Extracellular vesicles (EVs) are lipid bilayer vesicles that are secreted from almost all cell types, serve as “messengers” in intercellular and inter-organismal communication, and encapsulate a variety of functional nucleic acids, proteins, and other component [[1], [2], [3]]. Plant-derived EVs are abundant in resources, with low production costs and high yield. Regarding safety, plant-derived EVs do not harbor any zoonotic or human pathogens and have lower immune risks in vivo [4,5]. Recent research indicated that plant-derived EVs had anti-inflammatory and anti-cancer properties [6,7], even though the fundamental processes behind their wound-healing [8] process remain unclear. Ginger is the rhizome of Zingiber and is traditionally used for both medicine and food [9]. In addition to being used as a natural medicine, ginger extracts come in various forms and are currently used to treat various ailments [10]. Due to ginger's high concentration of bioactive contents, it has anti-inflammatory and antioxidant characteristics [11]. These properties are utilized to treat diseases including cancer and other related conditions [12].

Human skin exposure to terrestrial solar ultraviolet (UV) radiation causes a number of well-known acute and long-term effects [13]. UV radiation is a primary factor contributing to skin cancer [14] and premature aging [15,16] due to its deep penetration and high photon energy levels. UVA (320–400 nm) is the main component of solar UV irradiation component, making up as much as 95% of the total. It is linked to numerous pathological processes and determines the possible degree of harm might cause to skin [17]. UVA has oxidizing properties that decomposing collagen and elastic fibers [18], causing wrinkles and color spots, and altering the dermal connective tissue [19,20]. There is a noticeable increasing in the production of ROS [21] in skin cells after prolonged UVA irradiation. ROS is a general term for oxygen-containing and active substances in the body that are involved in the formation of cell damage [22,23] and cell-to-cell transmission [24]. It can activate NF-κB and MAPK signaling pathways to encourage the expression of AP-1 and MMPs [25,26], causing the extracellular matrix to degrade and speeding up the aging process of the skin. The degree of photodamage is directly correlated with ROS concentration [27].

For the treatment of skin injury, functional hydrogels provide a viable choice. A unique local drug delivery preparation known as thermosensitive gel has the ability to display several physical states in response to temperature changes. It will rapidly transition into a semi-solid gel state when the temperature rises to the phase transition temperature or near body temperature. The reason for this transformation is that the gel's molecular structure has a great number of hydrophilic polymer groups. Because of the unique interactions between the molecules of the polymer, like hydrogen bonds, ionic bonds, or hydrophobic interactions, these interactions will change as the temperature rises and cause the gel to solidify or liquefy. Polymer molecules primarily exist as a dissolved form at low temperature, but combine and undergo gel transition at high temperature, forming a dense three-dimensional network structure [28,29].

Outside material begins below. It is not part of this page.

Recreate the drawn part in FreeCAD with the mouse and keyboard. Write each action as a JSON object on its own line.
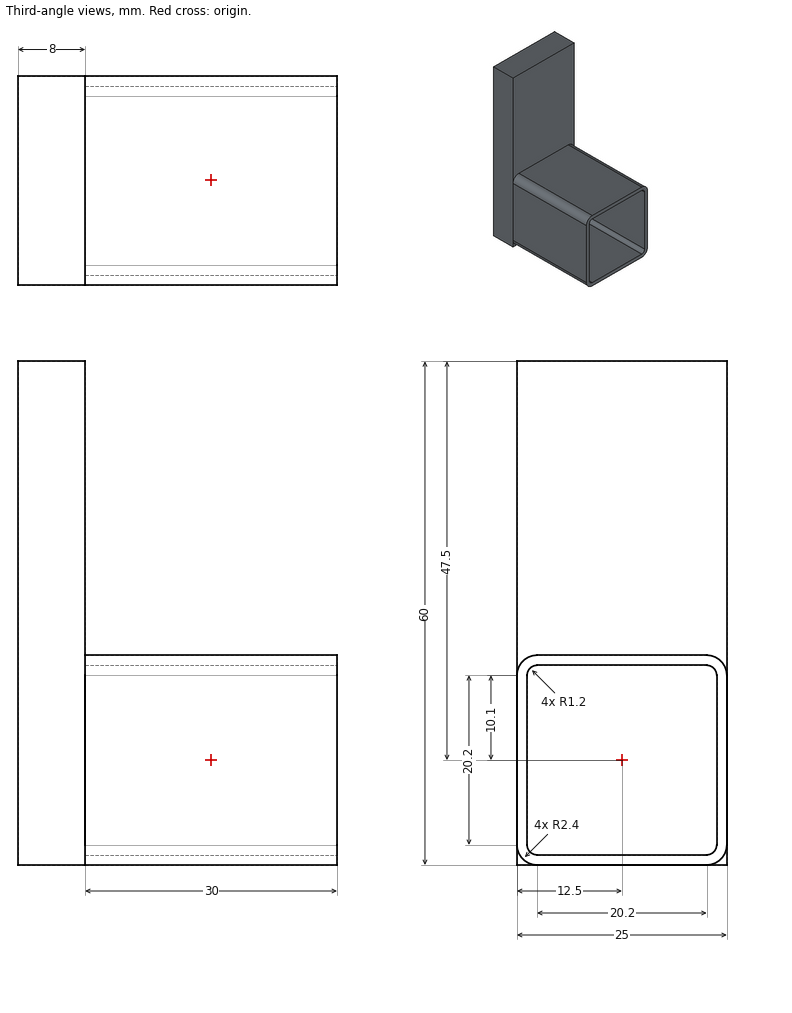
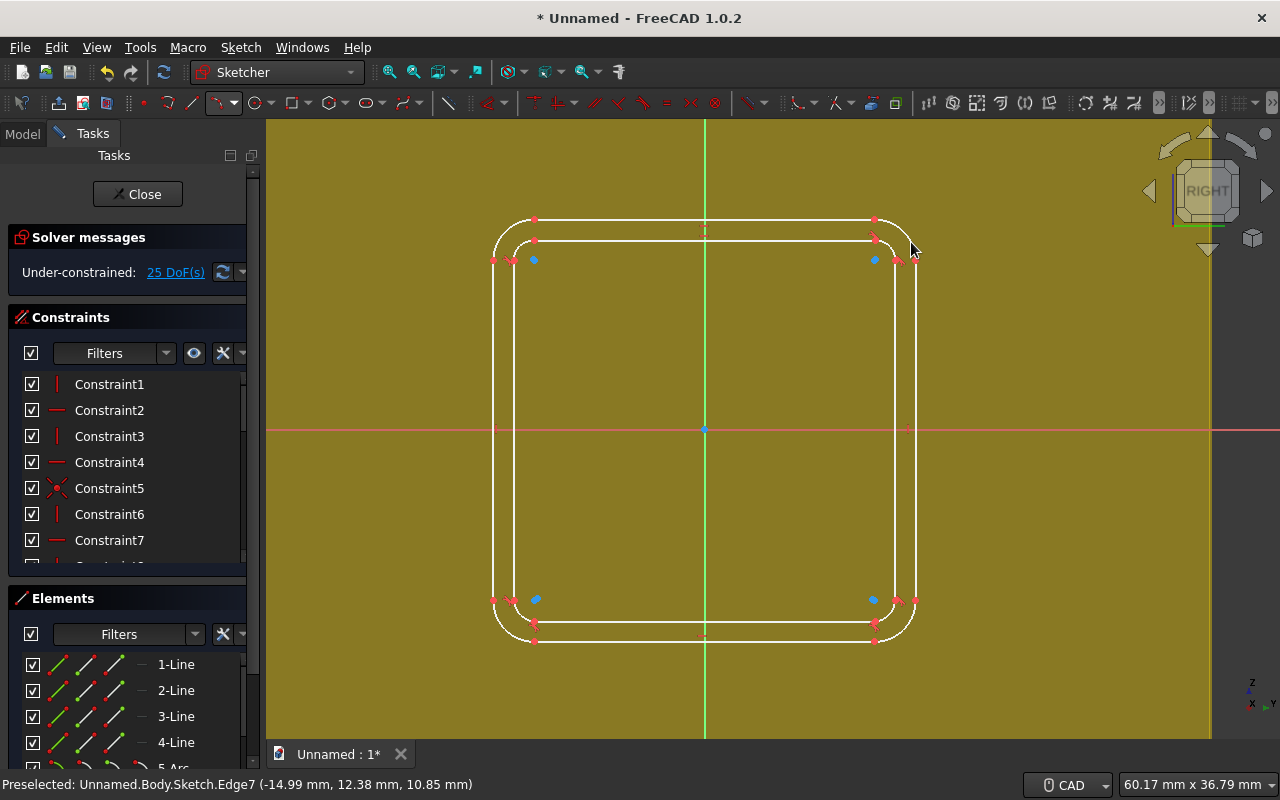
{"action": "left_click", "coordinate": [773, 220]}
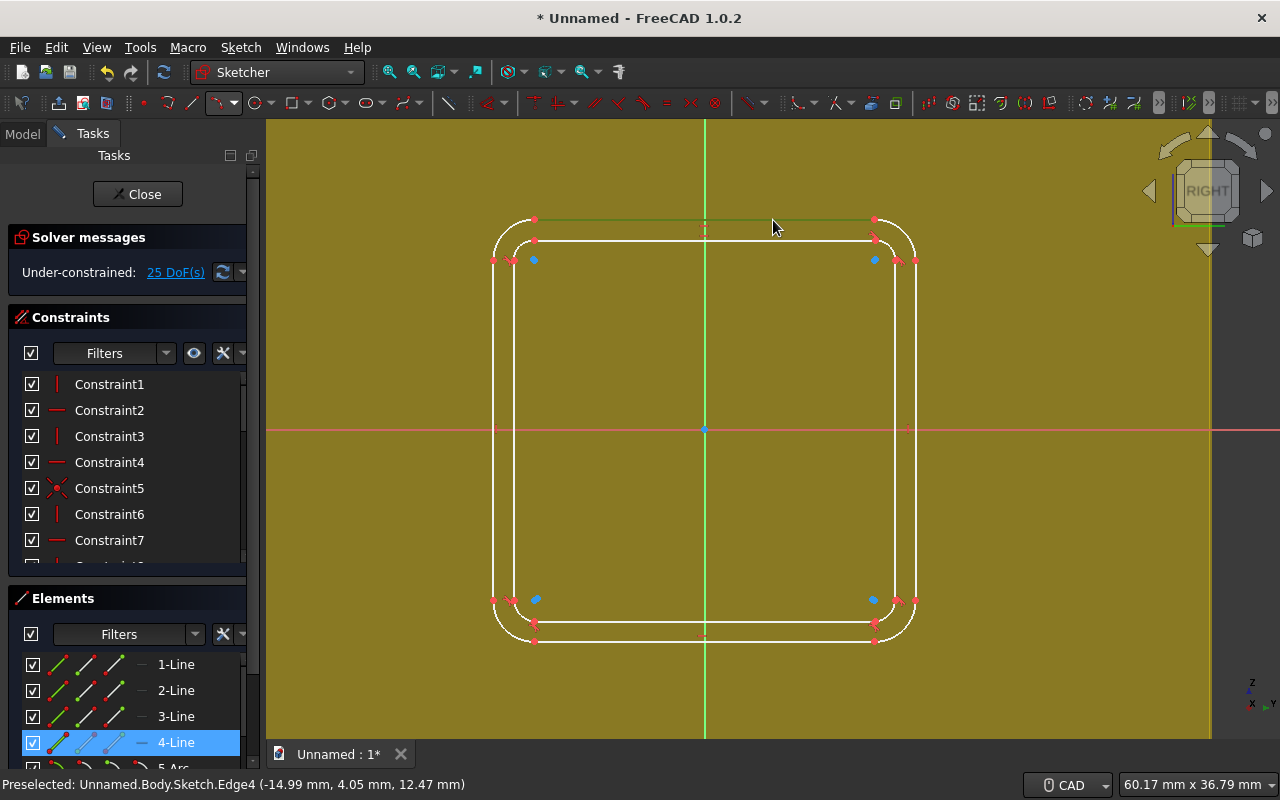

The morphology of the skin and its constant temperature properties led us to select a temperature-sensitive hydrogel as an effective EVs carrier. At room temperature or low temperature, the gel stays liquid, it is easier for EVs to mix completely and uniformly and preserve their stability and activity. By slowing down the release of EVs, encapsulating EVs in gel improves their mechanical stability, integrity, and activity [30], all while being shielded from quick clearance. Additionally, the loading of gel increases the stability and retention rate of EVs [31] and provides high-quality extracellular matrix at the site of skin injury, keeping the wound moist and encouraging tissue repair. For these reasons, there is hope for designing EVs loaded into thermosensitive gel for skin injury.

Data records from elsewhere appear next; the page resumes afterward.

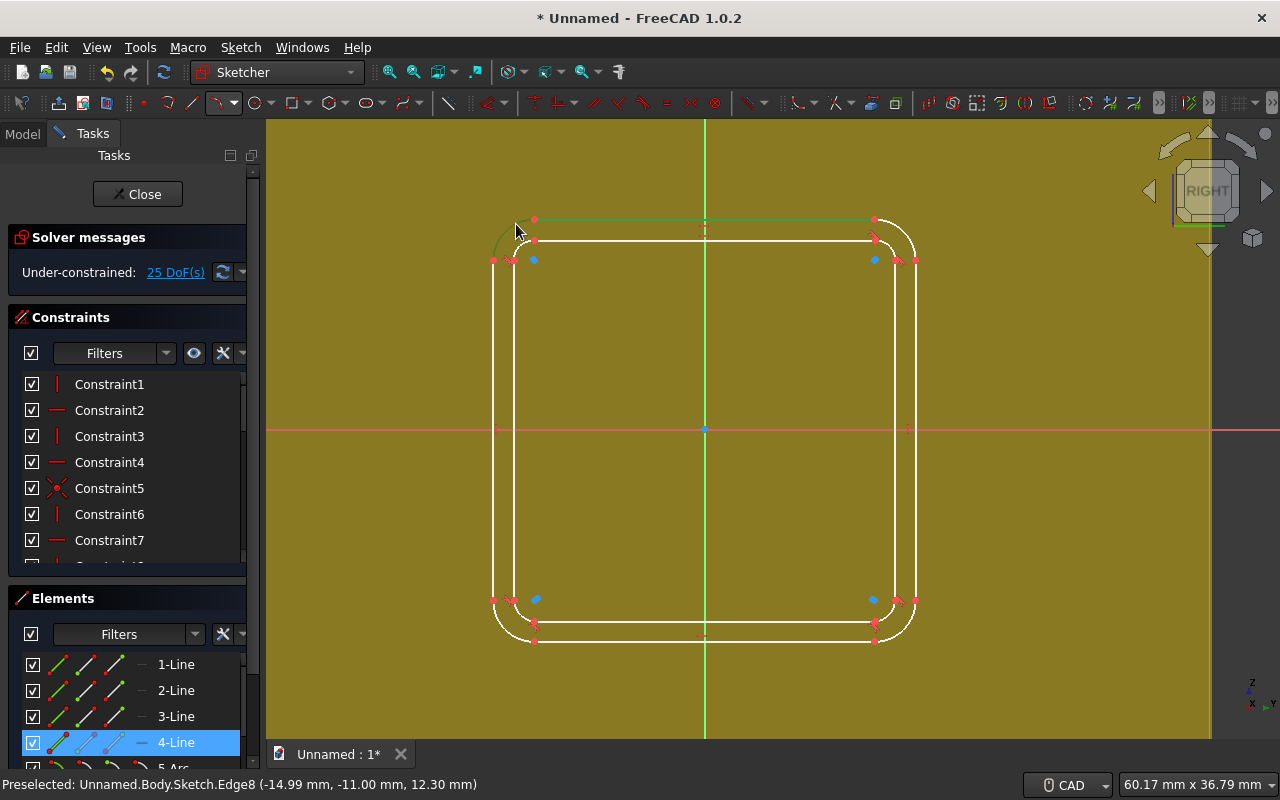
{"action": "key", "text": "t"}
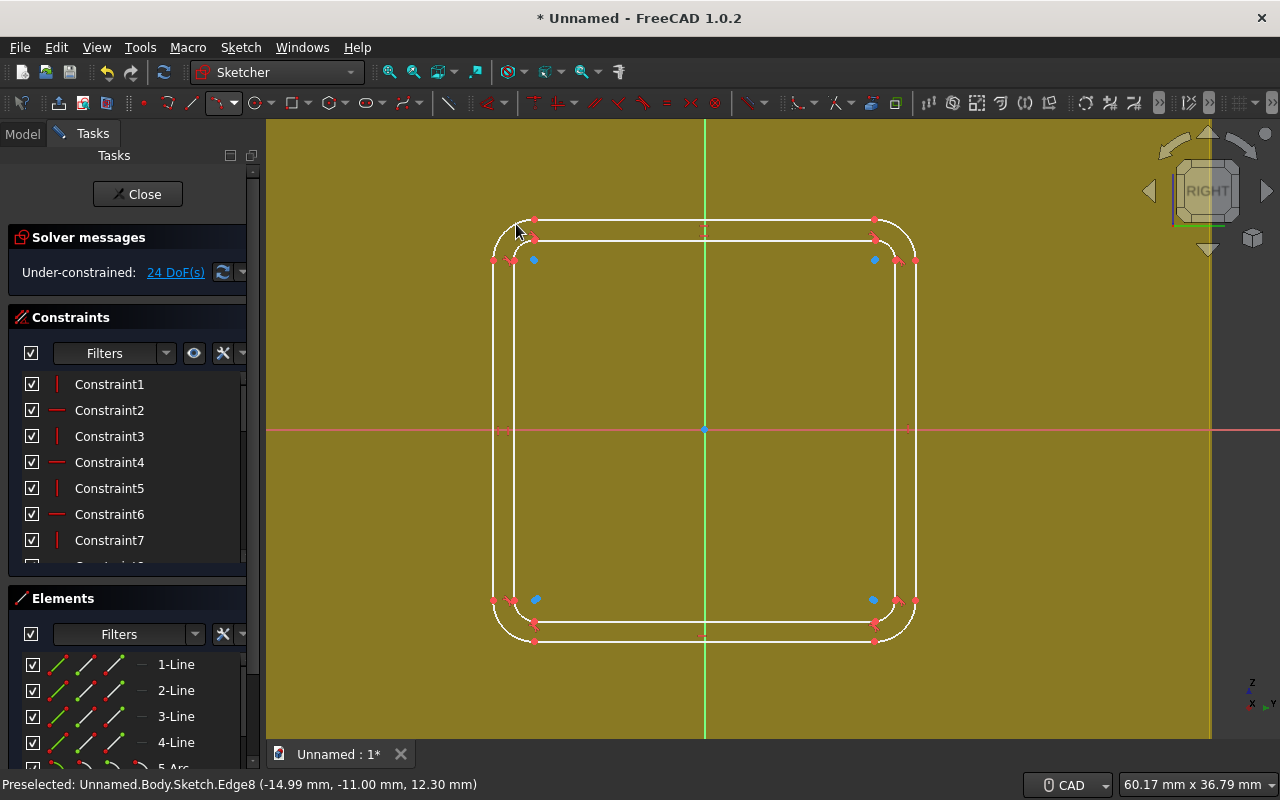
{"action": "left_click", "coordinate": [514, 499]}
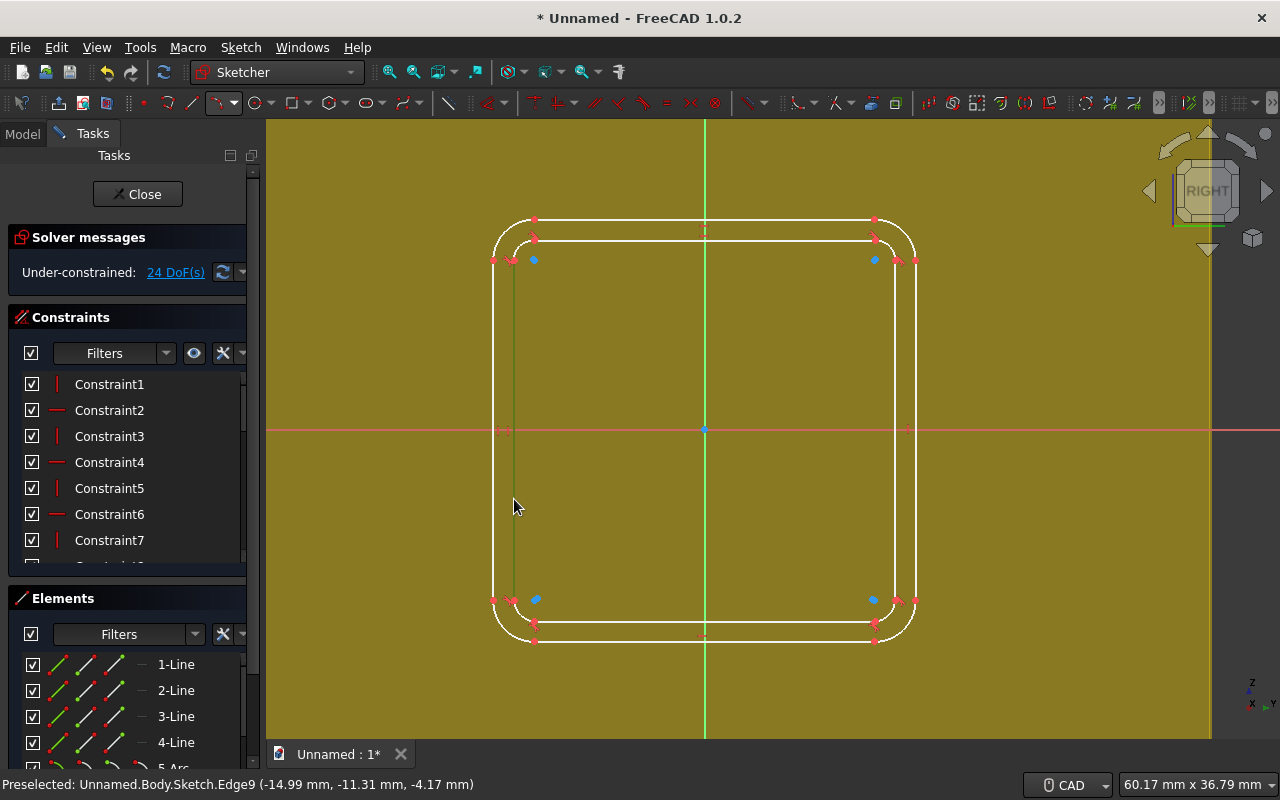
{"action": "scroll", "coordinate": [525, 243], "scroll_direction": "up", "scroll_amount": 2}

In this study, it is the first time to utilize ginger-derived extracellular vesicles (gEVs) to promote the proliferation and migration of cells as well as to treat inflammatory skin lesions caused by UVA rays. The thermosensitive gel was loaded with gEVs, which effectively treated the wounded area and offered some guidance for repairing skin irritation. Because of its low cost, good efficacy, dependability, and safety, the manufacture of gEVs as an ingredient therapy has become a novel therapeutic strategy.